A single stretch of the material below is to be transcribed exactly, starting at the line with "techniques: gelatin silver print" and ending after the line with "description: Smalle weg".

**Information**
======
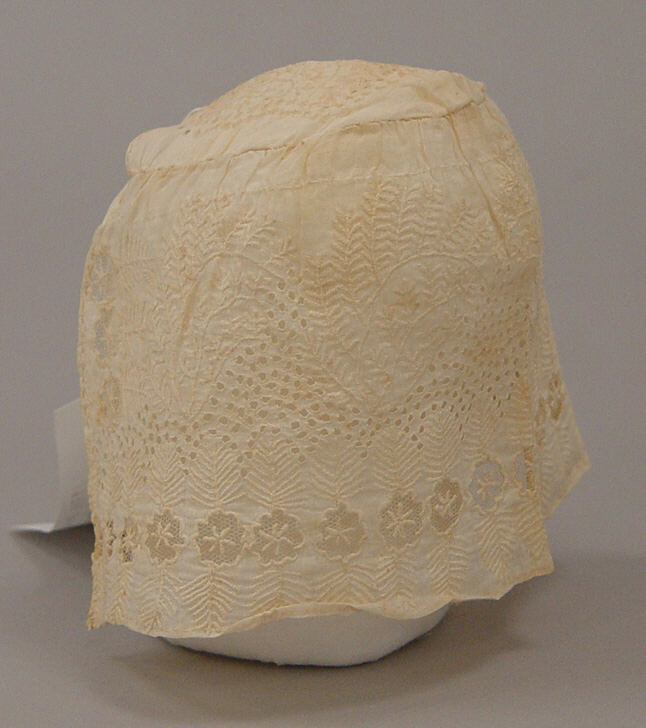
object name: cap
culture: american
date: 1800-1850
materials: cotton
======
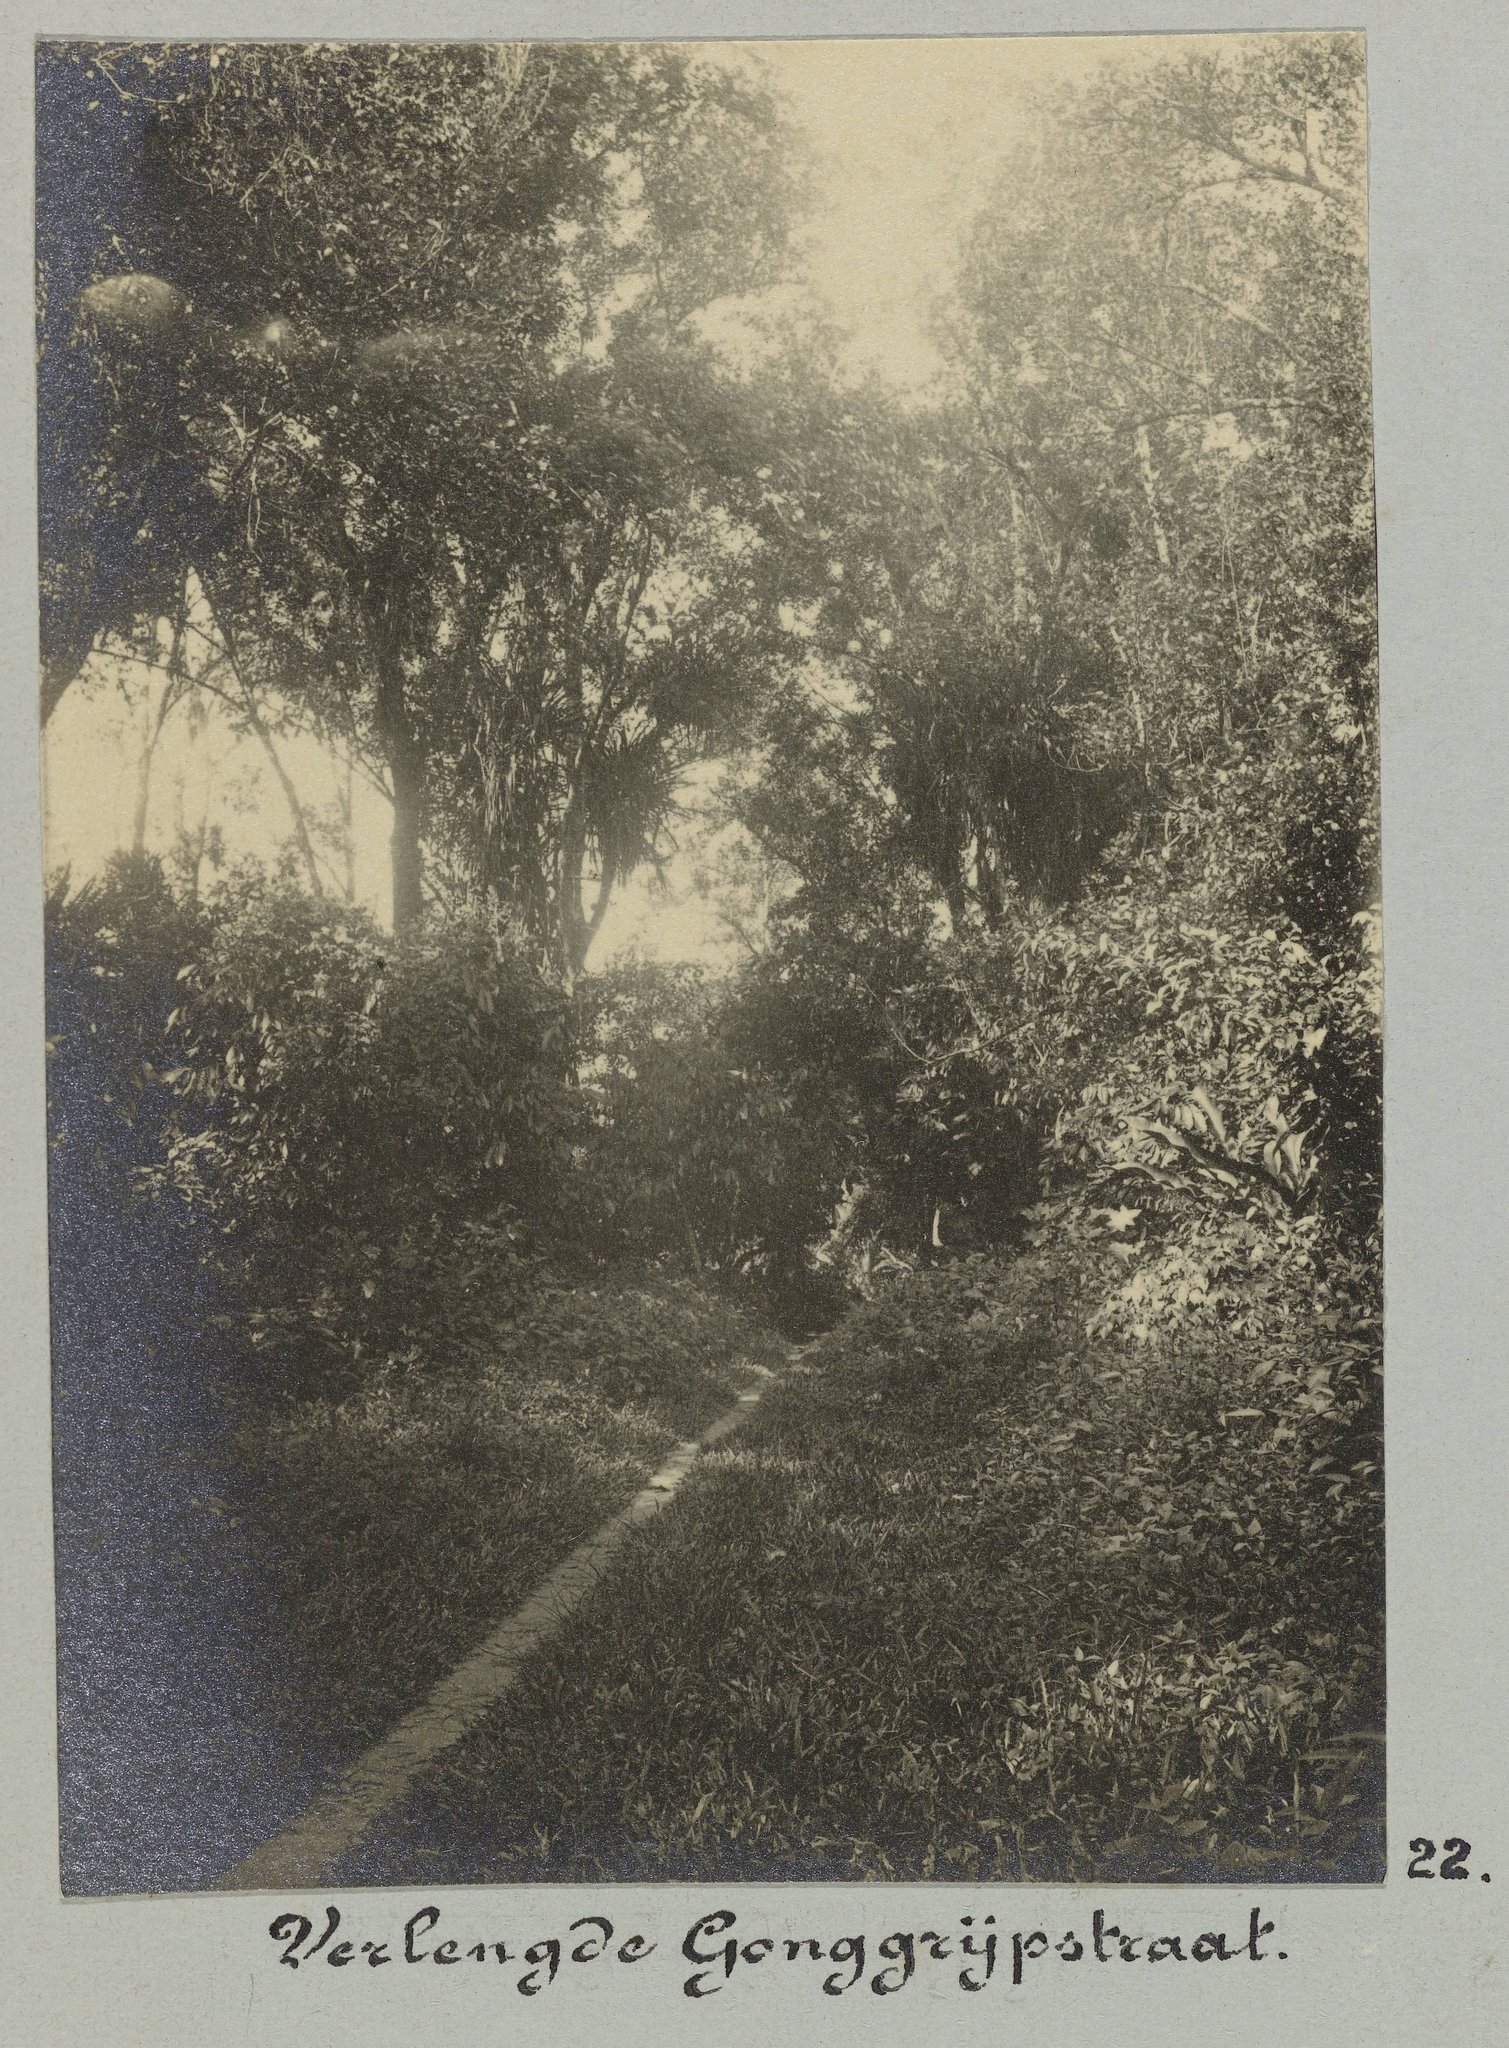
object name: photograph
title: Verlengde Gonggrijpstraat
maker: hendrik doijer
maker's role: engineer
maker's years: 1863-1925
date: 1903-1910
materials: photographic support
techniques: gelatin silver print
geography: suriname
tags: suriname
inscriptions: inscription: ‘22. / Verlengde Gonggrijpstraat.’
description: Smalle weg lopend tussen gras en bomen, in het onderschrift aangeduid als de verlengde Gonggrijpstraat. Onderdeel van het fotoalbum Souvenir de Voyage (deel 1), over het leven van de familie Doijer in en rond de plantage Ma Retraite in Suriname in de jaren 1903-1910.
======
**Output**
techniques: gelatin silver print
geography: suriname
tags: suriname
inscriptions: inscription: ‘22. / Verlengde Gonggrijpstraat.’
description: Smalle weg lopend tussen gras en bomen, in het onderschrift aangeduid als de verlengde Gonggrijpstraat. Onderdeel van het fotoalbum Souvenir de Voyage (deel 1), over het leven van de familie Doijer in en rond de plantage Ma Retraite in Suriname in de jaren 1903-1910.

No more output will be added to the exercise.